# Accounting and Finance



## U.K Graduate (Sep 24, 2009)

Hi there I have recently graduated in the U.K with an Accounting and Finance degree. I am hoping to apply for the BUNAC Visa in December and spend a year working in a related field in either Vancouver or Toronto.

However over this period I was hoping to apply for my Permanent Residence Visa in the middle of next year. I would have around 2 years experince working within the finance discipline, however not at a senior level such as Finance Manger - yet was wondering whether I would be eligible for PR under the skilled workers route - given my experience and degree are related to those mentioned on 'the list'.

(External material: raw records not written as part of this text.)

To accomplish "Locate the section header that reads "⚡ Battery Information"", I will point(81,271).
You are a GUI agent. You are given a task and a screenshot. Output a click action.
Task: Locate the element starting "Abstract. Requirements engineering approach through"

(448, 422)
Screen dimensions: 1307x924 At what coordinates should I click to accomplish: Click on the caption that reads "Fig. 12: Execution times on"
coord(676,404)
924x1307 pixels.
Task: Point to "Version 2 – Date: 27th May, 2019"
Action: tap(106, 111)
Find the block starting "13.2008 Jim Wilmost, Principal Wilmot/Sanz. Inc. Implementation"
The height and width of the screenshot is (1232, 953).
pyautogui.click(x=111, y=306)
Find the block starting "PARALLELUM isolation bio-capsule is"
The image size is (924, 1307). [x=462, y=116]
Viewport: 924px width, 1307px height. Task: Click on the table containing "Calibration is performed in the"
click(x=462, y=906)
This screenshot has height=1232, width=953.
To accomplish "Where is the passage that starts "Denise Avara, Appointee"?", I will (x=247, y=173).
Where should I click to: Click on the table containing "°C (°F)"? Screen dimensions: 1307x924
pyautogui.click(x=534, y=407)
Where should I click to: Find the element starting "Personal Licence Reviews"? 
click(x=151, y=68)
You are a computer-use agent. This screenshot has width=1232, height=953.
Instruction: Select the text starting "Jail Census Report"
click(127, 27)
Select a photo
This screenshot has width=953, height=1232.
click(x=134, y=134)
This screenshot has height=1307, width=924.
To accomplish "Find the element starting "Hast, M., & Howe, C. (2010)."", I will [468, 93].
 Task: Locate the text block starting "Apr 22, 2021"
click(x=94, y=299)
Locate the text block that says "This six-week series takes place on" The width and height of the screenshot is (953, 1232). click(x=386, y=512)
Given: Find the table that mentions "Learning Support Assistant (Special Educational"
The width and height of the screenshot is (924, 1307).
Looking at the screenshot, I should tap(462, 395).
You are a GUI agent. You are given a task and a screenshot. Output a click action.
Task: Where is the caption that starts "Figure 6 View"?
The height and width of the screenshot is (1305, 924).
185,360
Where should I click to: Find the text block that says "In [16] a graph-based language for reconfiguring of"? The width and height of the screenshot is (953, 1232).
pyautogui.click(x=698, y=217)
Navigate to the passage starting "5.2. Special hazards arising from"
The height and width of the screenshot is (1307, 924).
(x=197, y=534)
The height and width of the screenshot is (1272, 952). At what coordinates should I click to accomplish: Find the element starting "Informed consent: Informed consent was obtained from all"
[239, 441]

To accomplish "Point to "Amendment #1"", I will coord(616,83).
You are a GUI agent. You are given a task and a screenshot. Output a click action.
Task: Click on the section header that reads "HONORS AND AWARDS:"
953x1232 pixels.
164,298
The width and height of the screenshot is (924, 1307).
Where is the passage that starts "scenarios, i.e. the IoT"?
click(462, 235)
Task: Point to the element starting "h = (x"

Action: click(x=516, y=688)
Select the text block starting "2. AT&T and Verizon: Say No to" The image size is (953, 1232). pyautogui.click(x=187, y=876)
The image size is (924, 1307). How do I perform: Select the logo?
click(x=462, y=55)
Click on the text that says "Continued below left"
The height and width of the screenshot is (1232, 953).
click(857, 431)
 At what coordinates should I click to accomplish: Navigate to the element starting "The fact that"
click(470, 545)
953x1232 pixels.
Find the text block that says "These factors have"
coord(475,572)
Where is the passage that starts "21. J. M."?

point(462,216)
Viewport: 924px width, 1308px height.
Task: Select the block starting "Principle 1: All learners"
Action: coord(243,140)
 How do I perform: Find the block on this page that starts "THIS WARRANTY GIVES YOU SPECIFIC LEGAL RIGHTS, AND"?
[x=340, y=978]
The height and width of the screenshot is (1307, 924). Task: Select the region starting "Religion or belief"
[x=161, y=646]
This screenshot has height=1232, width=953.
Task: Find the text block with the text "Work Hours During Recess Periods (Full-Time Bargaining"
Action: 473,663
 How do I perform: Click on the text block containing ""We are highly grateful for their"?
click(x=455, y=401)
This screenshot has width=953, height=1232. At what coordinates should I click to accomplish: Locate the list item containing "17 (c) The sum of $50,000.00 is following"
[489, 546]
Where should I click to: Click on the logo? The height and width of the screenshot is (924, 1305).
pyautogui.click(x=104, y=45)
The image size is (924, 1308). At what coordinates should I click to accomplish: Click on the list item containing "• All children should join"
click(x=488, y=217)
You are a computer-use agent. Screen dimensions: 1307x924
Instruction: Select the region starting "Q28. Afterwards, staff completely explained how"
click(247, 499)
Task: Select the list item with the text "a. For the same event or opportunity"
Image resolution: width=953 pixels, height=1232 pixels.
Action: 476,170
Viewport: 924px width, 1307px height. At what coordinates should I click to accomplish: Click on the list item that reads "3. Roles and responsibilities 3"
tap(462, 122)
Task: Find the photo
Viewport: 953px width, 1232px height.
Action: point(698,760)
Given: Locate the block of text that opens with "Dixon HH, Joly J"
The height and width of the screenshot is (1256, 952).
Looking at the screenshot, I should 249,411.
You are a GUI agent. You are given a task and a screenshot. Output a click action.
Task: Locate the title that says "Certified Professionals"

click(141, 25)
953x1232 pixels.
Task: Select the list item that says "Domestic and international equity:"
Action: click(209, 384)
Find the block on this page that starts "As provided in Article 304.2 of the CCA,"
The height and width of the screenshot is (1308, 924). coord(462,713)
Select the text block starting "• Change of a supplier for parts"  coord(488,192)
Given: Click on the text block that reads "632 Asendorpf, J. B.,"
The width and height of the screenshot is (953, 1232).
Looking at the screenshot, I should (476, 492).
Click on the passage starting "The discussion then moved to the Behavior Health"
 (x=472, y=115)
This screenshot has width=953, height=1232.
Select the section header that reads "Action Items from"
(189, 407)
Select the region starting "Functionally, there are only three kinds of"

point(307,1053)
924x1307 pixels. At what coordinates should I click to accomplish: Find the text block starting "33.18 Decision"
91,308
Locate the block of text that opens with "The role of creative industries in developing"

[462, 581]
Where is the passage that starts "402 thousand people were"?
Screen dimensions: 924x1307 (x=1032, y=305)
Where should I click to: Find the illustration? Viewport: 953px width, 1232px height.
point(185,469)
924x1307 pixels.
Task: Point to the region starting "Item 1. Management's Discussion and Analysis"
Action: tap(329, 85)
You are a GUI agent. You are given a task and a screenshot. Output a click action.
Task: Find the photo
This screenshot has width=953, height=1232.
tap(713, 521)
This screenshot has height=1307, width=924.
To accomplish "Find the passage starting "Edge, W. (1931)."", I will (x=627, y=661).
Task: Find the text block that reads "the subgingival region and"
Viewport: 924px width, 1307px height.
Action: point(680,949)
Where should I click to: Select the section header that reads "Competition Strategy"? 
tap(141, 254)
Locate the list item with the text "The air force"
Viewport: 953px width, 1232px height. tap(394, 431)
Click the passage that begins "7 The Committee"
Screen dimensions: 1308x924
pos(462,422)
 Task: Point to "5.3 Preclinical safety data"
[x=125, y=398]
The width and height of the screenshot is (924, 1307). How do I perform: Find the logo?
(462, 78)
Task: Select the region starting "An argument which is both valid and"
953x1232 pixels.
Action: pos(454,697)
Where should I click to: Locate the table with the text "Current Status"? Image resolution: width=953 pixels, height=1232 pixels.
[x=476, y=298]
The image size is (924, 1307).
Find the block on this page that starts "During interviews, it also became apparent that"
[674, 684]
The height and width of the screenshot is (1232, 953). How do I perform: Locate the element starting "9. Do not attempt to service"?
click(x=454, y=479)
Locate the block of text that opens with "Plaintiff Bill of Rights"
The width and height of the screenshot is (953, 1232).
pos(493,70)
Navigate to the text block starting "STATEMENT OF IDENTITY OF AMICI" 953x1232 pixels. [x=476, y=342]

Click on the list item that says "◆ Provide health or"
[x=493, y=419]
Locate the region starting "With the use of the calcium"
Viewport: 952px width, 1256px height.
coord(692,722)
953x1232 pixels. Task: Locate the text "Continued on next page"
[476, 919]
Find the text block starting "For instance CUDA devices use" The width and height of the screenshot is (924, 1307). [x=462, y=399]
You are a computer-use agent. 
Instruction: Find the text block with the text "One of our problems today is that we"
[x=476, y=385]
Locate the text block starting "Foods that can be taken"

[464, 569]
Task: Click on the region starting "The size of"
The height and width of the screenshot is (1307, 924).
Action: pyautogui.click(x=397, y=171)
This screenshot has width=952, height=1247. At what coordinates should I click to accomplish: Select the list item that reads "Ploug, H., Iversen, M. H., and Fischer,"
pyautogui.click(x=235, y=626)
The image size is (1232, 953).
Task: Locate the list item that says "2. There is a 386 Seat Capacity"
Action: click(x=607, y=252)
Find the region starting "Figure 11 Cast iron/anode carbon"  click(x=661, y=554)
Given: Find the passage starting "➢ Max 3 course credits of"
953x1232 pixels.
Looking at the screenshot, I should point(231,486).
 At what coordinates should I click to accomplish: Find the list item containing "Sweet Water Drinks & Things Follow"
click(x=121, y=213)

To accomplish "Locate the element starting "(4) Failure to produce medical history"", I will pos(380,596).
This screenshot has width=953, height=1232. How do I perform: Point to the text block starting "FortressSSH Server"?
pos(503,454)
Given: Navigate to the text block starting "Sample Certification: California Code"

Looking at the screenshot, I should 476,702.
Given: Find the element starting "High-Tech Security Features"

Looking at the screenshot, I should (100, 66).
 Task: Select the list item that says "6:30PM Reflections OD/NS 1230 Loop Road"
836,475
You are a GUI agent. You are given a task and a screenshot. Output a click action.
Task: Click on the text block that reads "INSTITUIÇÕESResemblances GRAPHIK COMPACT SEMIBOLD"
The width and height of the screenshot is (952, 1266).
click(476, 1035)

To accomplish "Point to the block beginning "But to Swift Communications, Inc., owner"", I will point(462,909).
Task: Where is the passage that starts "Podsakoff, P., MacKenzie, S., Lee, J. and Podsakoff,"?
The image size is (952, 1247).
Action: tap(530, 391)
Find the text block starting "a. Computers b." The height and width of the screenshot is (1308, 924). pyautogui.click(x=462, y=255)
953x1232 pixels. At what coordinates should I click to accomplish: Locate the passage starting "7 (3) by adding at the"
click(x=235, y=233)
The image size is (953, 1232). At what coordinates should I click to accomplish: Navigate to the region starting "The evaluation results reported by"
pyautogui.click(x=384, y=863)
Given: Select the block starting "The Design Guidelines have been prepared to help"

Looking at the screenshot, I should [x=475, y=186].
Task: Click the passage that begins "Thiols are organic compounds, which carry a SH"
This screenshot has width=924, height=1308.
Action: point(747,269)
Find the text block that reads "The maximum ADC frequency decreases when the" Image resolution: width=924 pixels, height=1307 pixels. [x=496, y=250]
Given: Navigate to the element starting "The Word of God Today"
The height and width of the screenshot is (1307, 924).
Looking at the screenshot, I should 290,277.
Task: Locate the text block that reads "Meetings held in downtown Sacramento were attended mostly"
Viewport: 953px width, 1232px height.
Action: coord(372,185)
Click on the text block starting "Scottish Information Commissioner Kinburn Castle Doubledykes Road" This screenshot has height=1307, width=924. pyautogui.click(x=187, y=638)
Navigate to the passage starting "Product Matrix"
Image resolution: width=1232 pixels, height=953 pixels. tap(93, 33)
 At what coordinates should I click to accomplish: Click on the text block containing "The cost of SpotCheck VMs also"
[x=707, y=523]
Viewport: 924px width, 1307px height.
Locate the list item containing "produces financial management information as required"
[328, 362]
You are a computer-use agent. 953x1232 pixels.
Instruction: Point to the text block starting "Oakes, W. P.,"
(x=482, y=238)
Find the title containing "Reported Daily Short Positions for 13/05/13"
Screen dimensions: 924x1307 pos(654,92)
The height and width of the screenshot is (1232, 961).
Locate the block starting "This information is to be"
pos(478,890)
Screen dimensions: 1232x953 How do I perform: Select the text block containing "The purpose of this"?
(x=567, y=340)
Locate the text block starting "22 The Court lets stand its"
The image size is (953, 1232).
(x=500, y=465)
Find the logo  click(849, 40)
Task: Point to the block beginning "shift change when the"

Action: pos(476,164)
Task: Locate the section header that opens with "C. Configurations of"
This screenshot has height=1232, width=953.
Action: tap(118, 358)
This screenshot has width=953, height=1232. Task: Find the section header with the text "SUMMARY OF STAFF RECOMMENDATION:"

Any input on this situation would be appreciated. I hope this is clear.

Many Thanks,

Chris


----------



## Auld Yin (Mar 10, 2009)

U.K Graduate said:


> Hi there I have recently graduated in the U.K with an Accounting and Finance degree. I am hoping to apply for the BUNAC Visa in December and spend a year working in a related field in either Vancouver or Toronto.
> 
> However over this period I was hoping to apply for my Permanent Residence Visa in the middle of next year. I would have around 2 years experince working within the finance discipline, however not at a senior level such as Finance Manger - yet was wondering whether I would be eligible for PR under the skilled workers route - given my experience and degree are related to those mentioned on 'the list'.
> 
> ...


If you are on a BUNAC visa and have a job you can apply for PR or TWP status providing you meet the necessary criteria.


----------



## U.K Graduate (Sep 24, 2009)

Hi

So I am best to come to Canada on a BUNAC Visa and attempt to find work and then apply for PR, as opposed to applying for PR from the U.K??


----------



## U.K Graduate (Sep 24, 2009)

So I am best to come to Canada on a BUNAC Visa and attempt to find work and then apply for PR, as opposed to applying for PR from the U.K??

And would I qualify as a skilled worker given my experience and qualifications?

Regards


----------